The Boston Spa hoard, a Romano-British coin hoard dating to the mid second-century AD and comprising a grey ware vessel and 172 silver denarii, was found in the town in 1848.

In 1744, John Shires established a spa resort when he discovered sulphur springs in the magnesian limestone. It was originally known as Thorp Spaw. In 1753, the Tadcaster to Otley road that passes through Boston Spa was turnpiked. In the same year, Joseph Taite built a house to accommodate visitors, it became the Royal Hotel which is still standing, but converted into flats and shops. By 1819, Boston Spa had a population of more than 600, and several inns and other houses offering accommodation had been built. Spa baths were built to allow visitors to take the waters. The spa declined when Harrogate became popular as a spa town.

The Boston Spa and Thorp Arch Conservation Area, designated in 1969, extended across Boston Spa and Thorp Arch parishes. It was revised and divided in 2009, restricting the boundaries to Boston Spa parish and reshaped to exclude areas of late-20th-century estate housing to the south of the High Street. The conservation area boundary focuses on the historic settlement. It was extended to the west, to encompass West End, an area of dwellings constructed during the Second World War to house workers from Thorp Arch munitions factory. The war had a major effect on Boston Spa's population, society and surroundings, and the buildings stand as a testament to that history.

== Governance ==
When Boston Spa was founded in 1744 it was in the township of Clifford in the old parish of Bramham, in the upper division of the wapentake of Barkston Ash, in the West Riding of Yorkshire.
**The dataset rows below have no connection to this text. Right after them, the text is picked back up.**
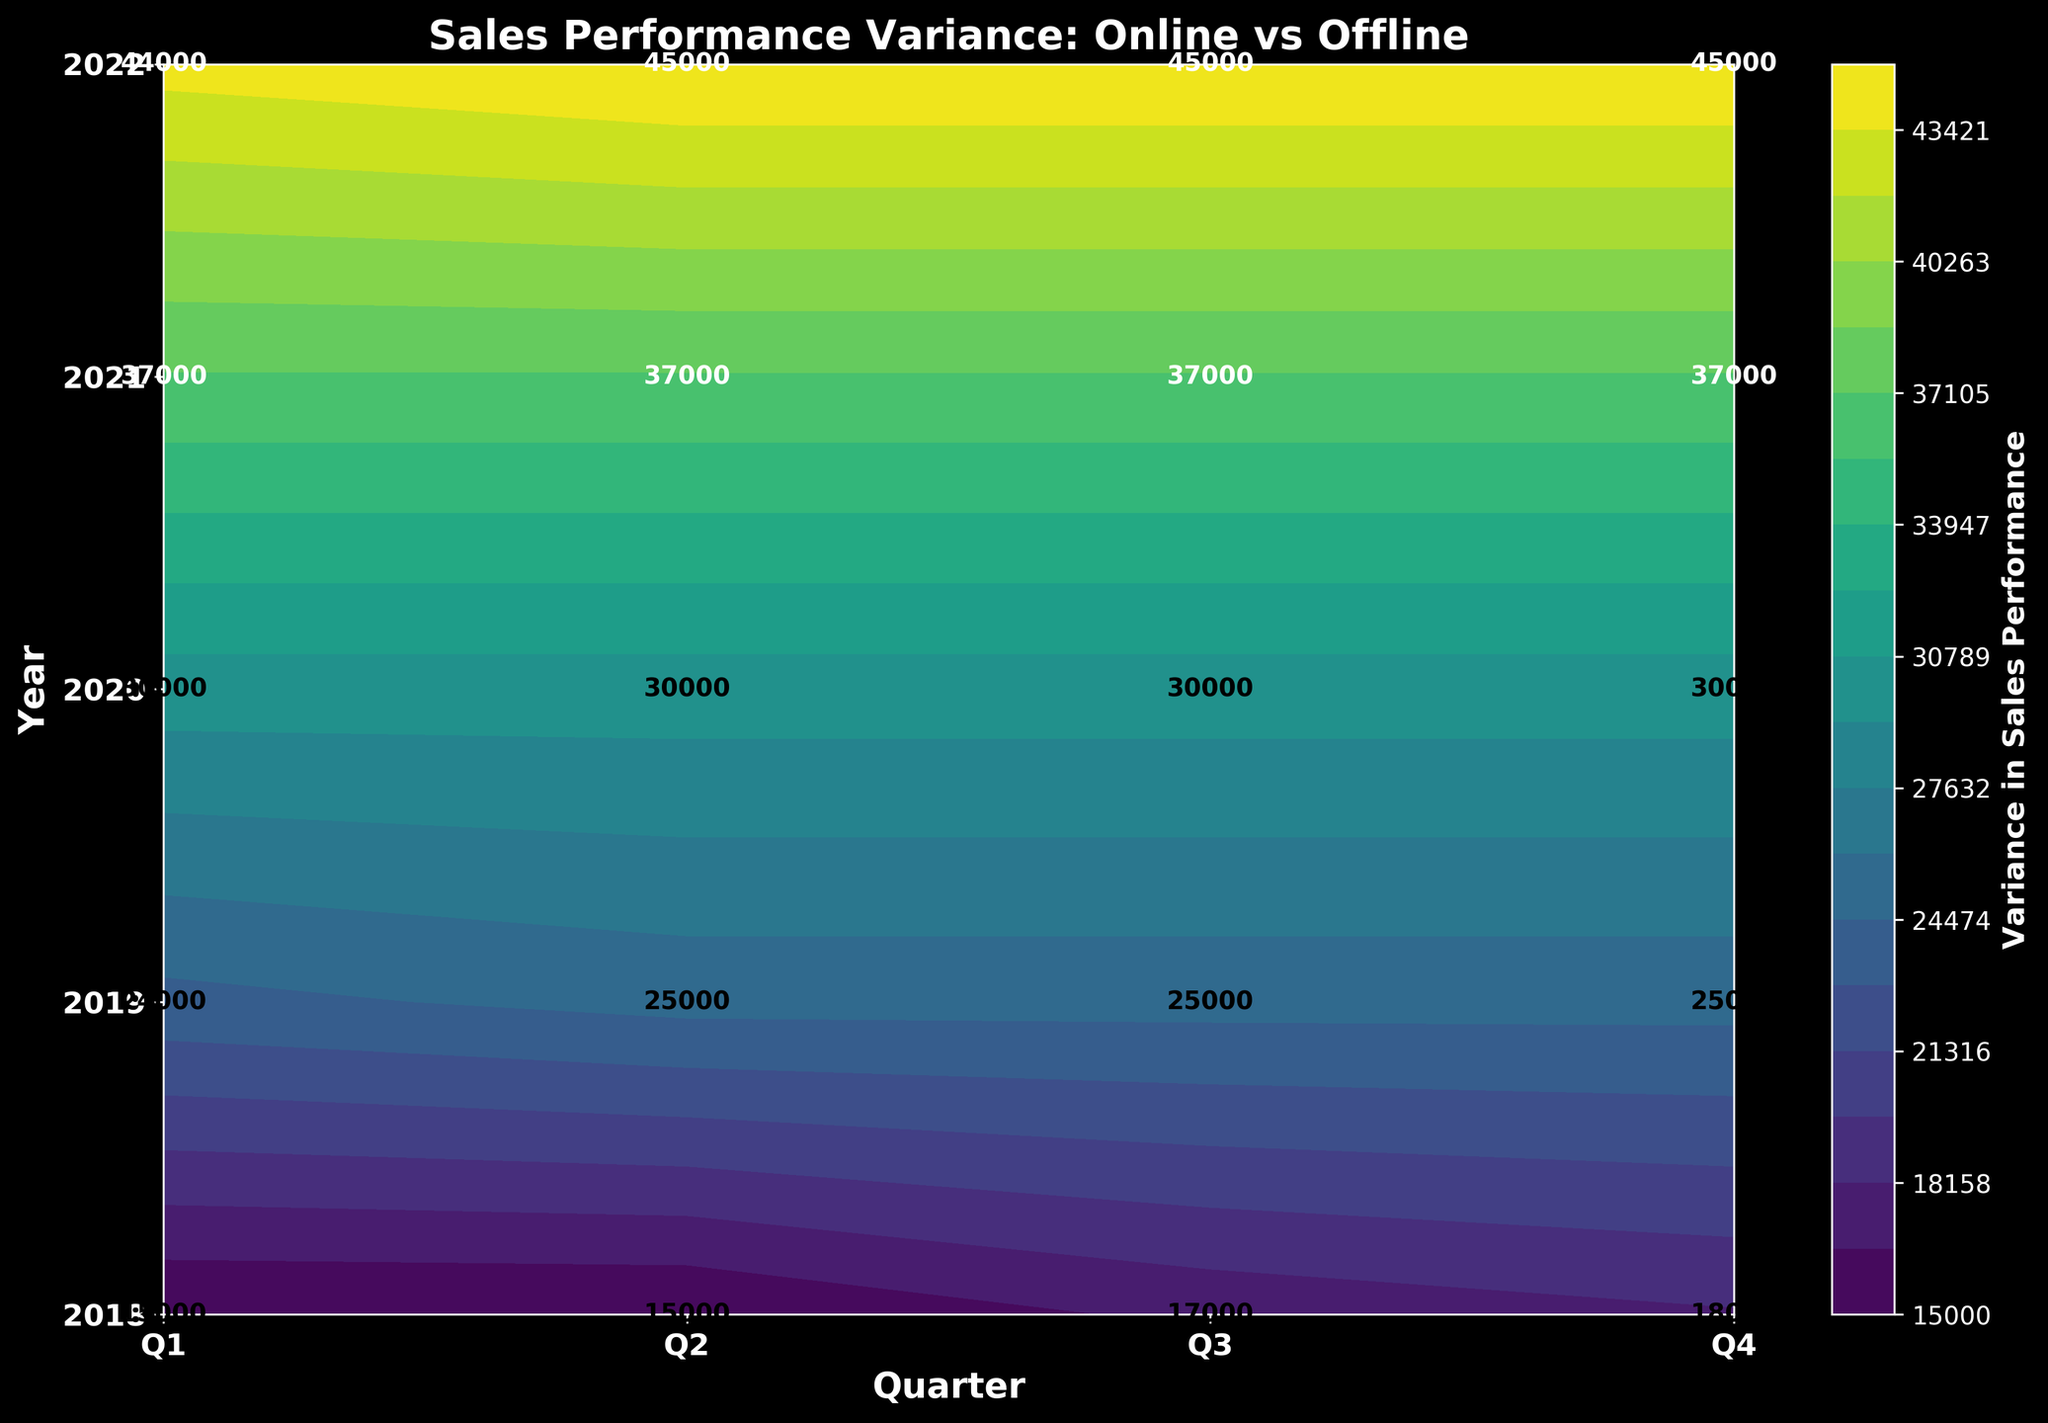What is the title of the figure? The title of the figure is prominently displayed at the top and reads "Sales Performance Variance: Online vs Offline".
Answer: Sales Performance Variance: Online vs Offline Which year shows the highest variance in Q4? Looking at the numbers in Q4 from each row corresponding to the years, the highest value equivalent to the highest variance can be observed in 2022 with a value of 45000.
Answer: 2022 What are the quarters represented on the x-axis? The x-axis labels indicate the four quarters: Q1, Q2, Q3, and Q4.
Answer: Q1, Q2, Q3, Q4 Which channel had higher sales performance overall in 2020? To determine this, observe the color scale and annotations for 2020. More positive values indicate that online sales performance was significantly higher than offline in all quarters of 2020.
Answer: Online What is the range of the variance values depicted by the contour plot? The contour plot displays a color bar indicating the range of variance values, which is between the minimum and maximum values specified by the levels of the contour. Here, it ranges from approximately 15000 to 55000.
Answer: 15000 to 55000 Which quarter had the most significant increase in variance from 2019 to 2020? Comparing quarters between 2019 and 2020, Q1 shows a sharp increase in positive variance value from 24000 in 2019 to 30000 in 2020, indicating the most significant increase.
Answer: Q1 How much did the variance in sales performance change from Q2 to Q3 in 2021? The variance in Q2 of 2021 is labeled as 37000. In Q3 of 2021, it is 37000. Hence, the change in variance from Q2 to Q3 is 0.
Answer: 0 Which quarter in 2018 had the lowest sales performance variance? By comparing the variance values for the year 2018, the quarter with the lowest variance is Q1, with a value of 15000.
Answer: Q1 Which year shows the least variance in Q2? From the contour's text annotations in Q2 over the years, 2018 shows the least variance with a value of 15000.
Answer: 2018 Is the variance generally increasing or decreasing over the years? Observing the trend of variance values over the years from 2018 to 2022, there is a gradual increase, indicated by rising values.
Answer: Increasing 
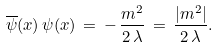Convert formula to latex. <formula><loc_0><loc_0><loc_500><loc_500>\overline { \psi } ( x ) \, \psi ( x ) \, = \, - \, \frac { m ^ { 2 } } { 2 \, \lambda } \, = \, \frac { | m ^ { 2 } | } { 2 \, \lambda } .</formula> 
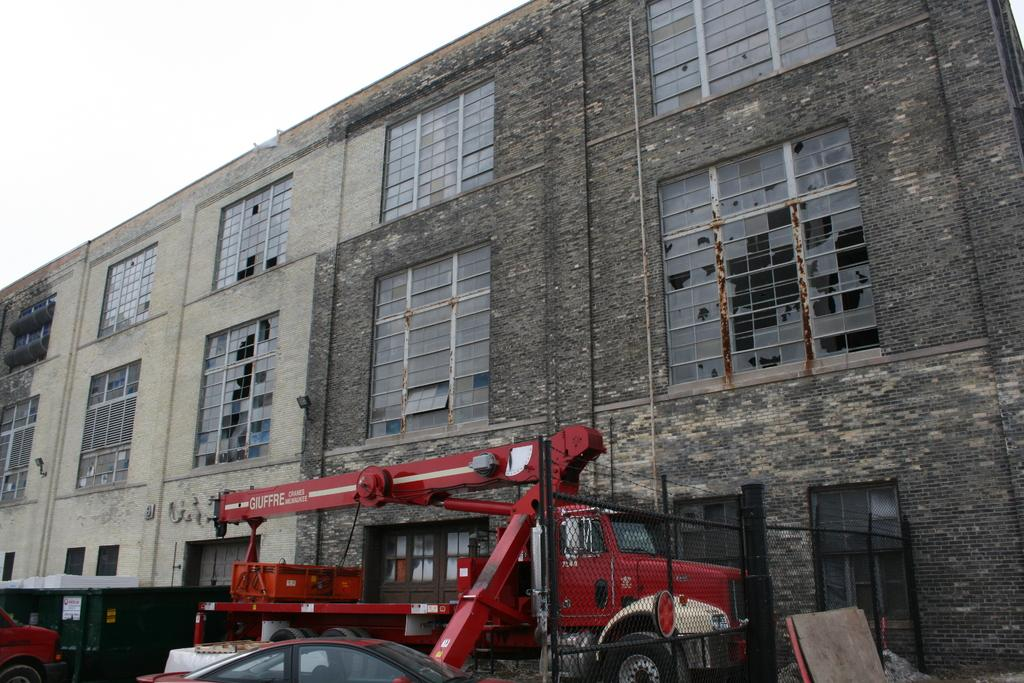What types of vehicles can be seen in the image? There are vehicles in the image, but the specific types are not mentioned. What is the large machine with a long arm in the image? There is a crane in the image. What structure is visible in the image? There is a building in the image. What part of the building can be seen in the image? There are windows in the image. What can be seen in the background of the image? The sky is visible in the background of the image. Can you tell me how many toads are sitting on the crane in the image? There are no toads present in the image; it features vehicles, a crane, a building, windows, and the sky. What is the user's mind doing in the image? The user's mind is not visible in the image, as it is an abstract concept and not a physical object. 
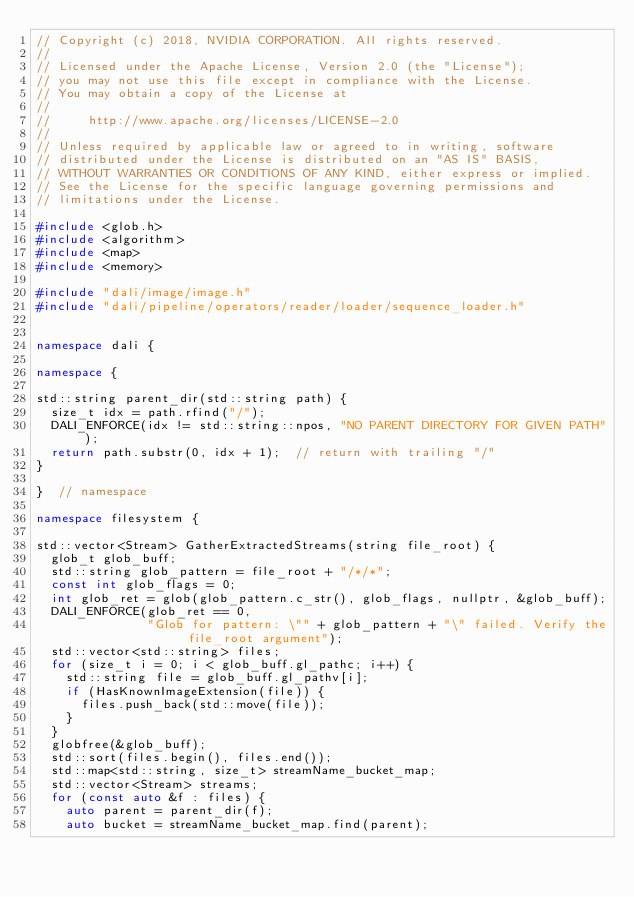<code> <loc_0><loc_0><loc_500><loc_500><_C++_>// Copyright (c) 2018, NVIDIA CORPORATION. All rights reserved.
//
// Licensed under the Apache License, Version 2.0 (the "License");
// you may not use this file except in compliance with the License.
// You may obtain a copy of the License at
//
//     http://www.apache.org/licenses/LICENSE-2.0
//
// Unless required by applicable law or agreed to in writing, software
// distributed under the License is distributed on an "AS IS" BASIS,
// WITHOUT WARRANTIES OR CONDITIONS OF ANY KIND, either express or implied.
// See the License for the specific language governing permissions and
// limitations under the License.

#include <glob.h>
#include <algorithm>
#include <map>
#include <memory>

#include "dali/image/image.h"
#include "dali/pipeline/operators/reader/loader/sequence_loader.h"


namespace dali {

namespace {

std::string parent_dir(std::string path) {
  size_t idx = path.rfind("/");
  DALI_ENFORCE(idx != std::string::npos, "NO PARENT DIRECTORY FOR GIVEN PATH");
  return path.substr(0, idx + 1);  // return with trailing "/"
}

}  // namespace

namespace filesystem {

std::vector<Stream> GatherExtractedStreams(string file_root) {
  glob_t glob_buff;
  std::string glob_pattern = file_root + "/*/*";
  const int glob_flags = 0;
  int glob_ret = glob(glob_pattern.c_str(), glob_flags, nullptr, &glob_buff);
  DALI_ENFORCE(glob_ret == 0,
               "Glob for pattern: \"" + glob_pattern + "\" failed. Verify the file_root argument");
  std::vector<std::string> files;
  for (size_t i = 0; i < glob_buff.gl_pathc; i++) {
    std::string file = glob_buff.gl_pathv[i];
    if (HasKnownImageExtension(file)) {
      files.push_back(std::move(file));
    }
  }
  globfree(&glob_buff);
  std::sort(files.begin(), files.end());
  std::map<std::string, size_t> streamName_bucket_map;
  std::vector<Stream> streams;
  for (const auto &f : files) {
    auto parent = parent_dir(f);
    auto bucket = streamName_bucket_map.find(parent);</code> 
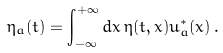<formula> <loc_0><loc_0><loc_500><loc_500>\eta _ { a } ( t ) = \int _ { - \infty } ^ { + \infty } d x \, \eta ( t , x ) u _ { a } ^ { * } ( x ) \, .</formula> 
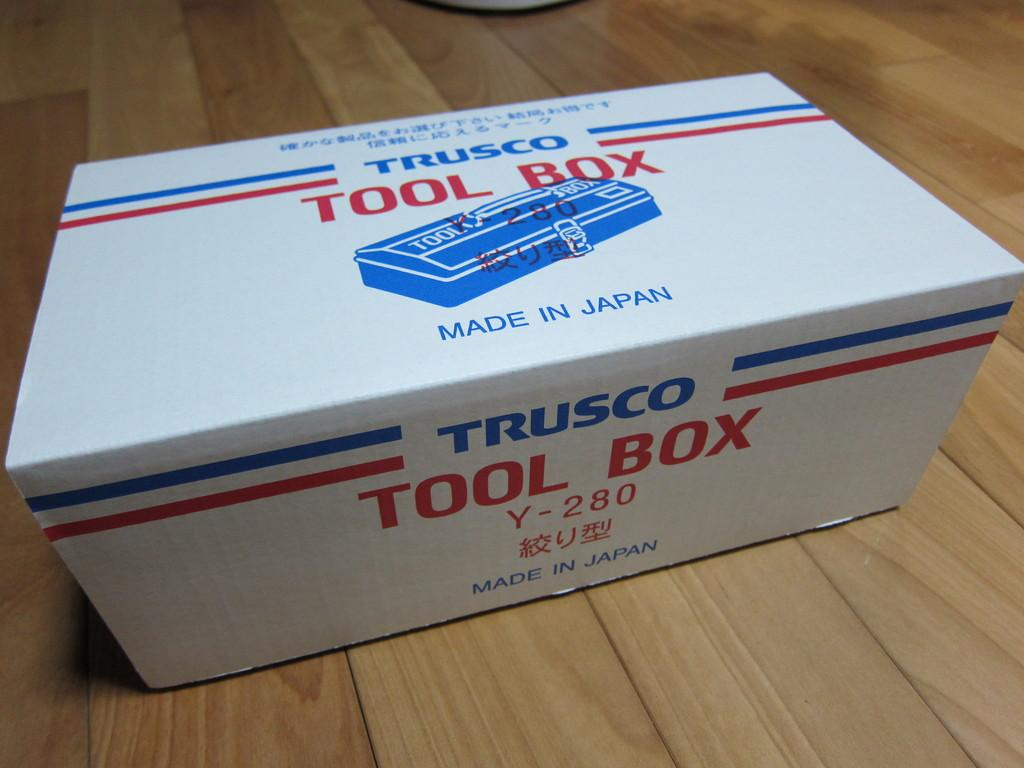<image>
Write a terse but informative summary of the picture. A White Trusco toolbox sits on a wooden table 
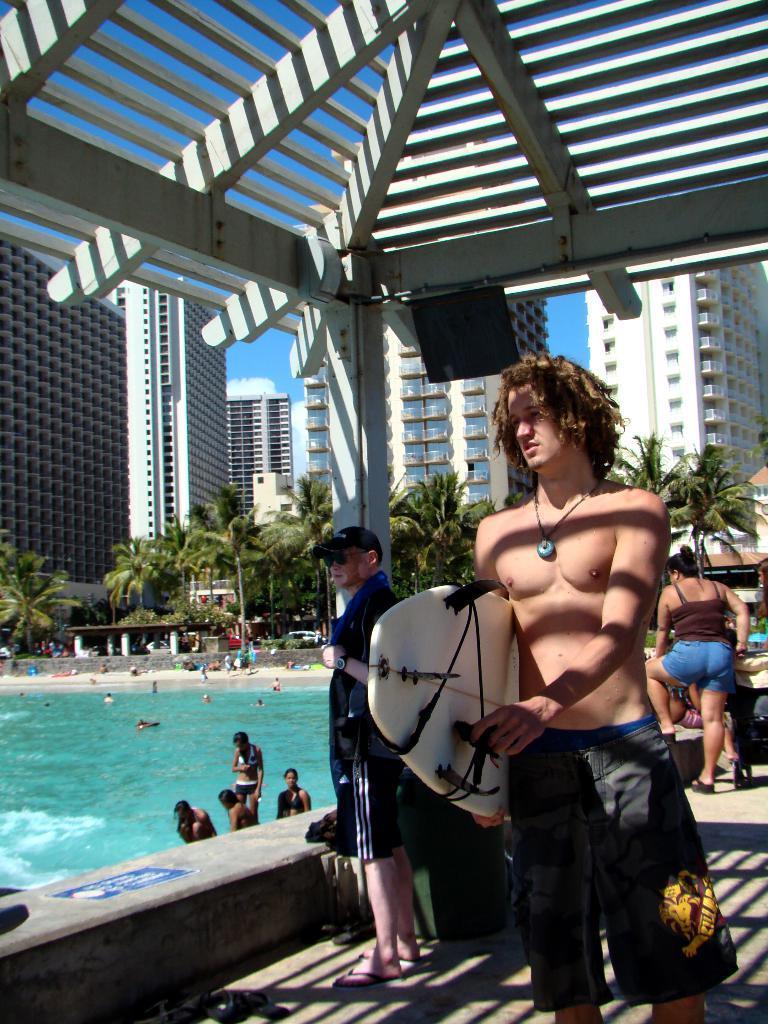Describe this image in one or two sentences. In this image there is a person standing and holding a surfing board in his hand, behind him there are a few people standing, above him there is a ceiling. On the left side of the image there are few people in the swimming pool. In the background there are a few people standing, trees, buildings and the sky. 
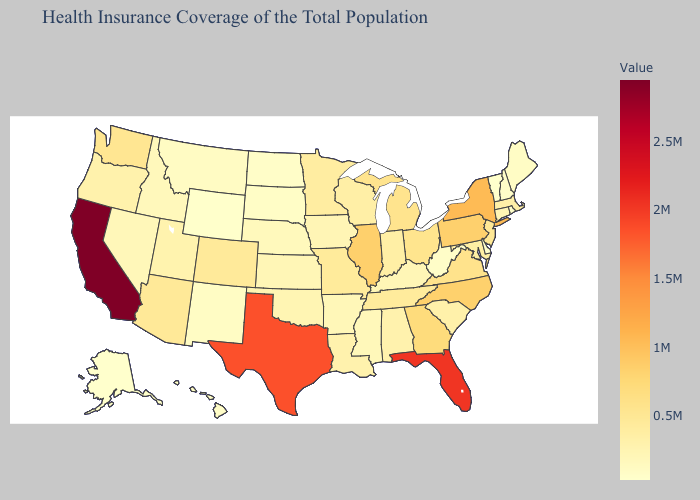Does Kentucky have the highest value in the South?
Be succinct. No. Which states have the highest value in the USA?
Short answer required. California. Among the states that border Pennsylvania , which have the highest value?
Answer briefly. New York. Among the states that border Oklahoma , does Kansas have the lowest value?
Answer briefly. No. Does California have the highest value in the USA?
Concise answer only. Yes. Does Alaska have a lower value than Pennsylvania?
Be succinct. Yes.

From 1866 to 1896, it was part of the civil parish of Clifford with Boston, and became a separate civil parish in 1896. The parish was in Wetherby Rural District in the West Riding of Yorkshire until 1974, when it was transferred to the City of Leeds in the new county of West Yorkshire.

==Geography==
Boston Spa is in the north-east of the City of Leeds district about three miles south-east of Wetherby and immediately north of Clifford on the Collingham to Tadcaster road, the A659. The village is at a bridging point on the south side of the River Wharfe, linked to Thorp Arch on the north bank by Thorp Arch Bridge. The village, surrounded by rolling, arable farmland, developed along High Street with Bridge Road at the centre. The A1(M) motorway that passes to the west is accessed at Junction 45.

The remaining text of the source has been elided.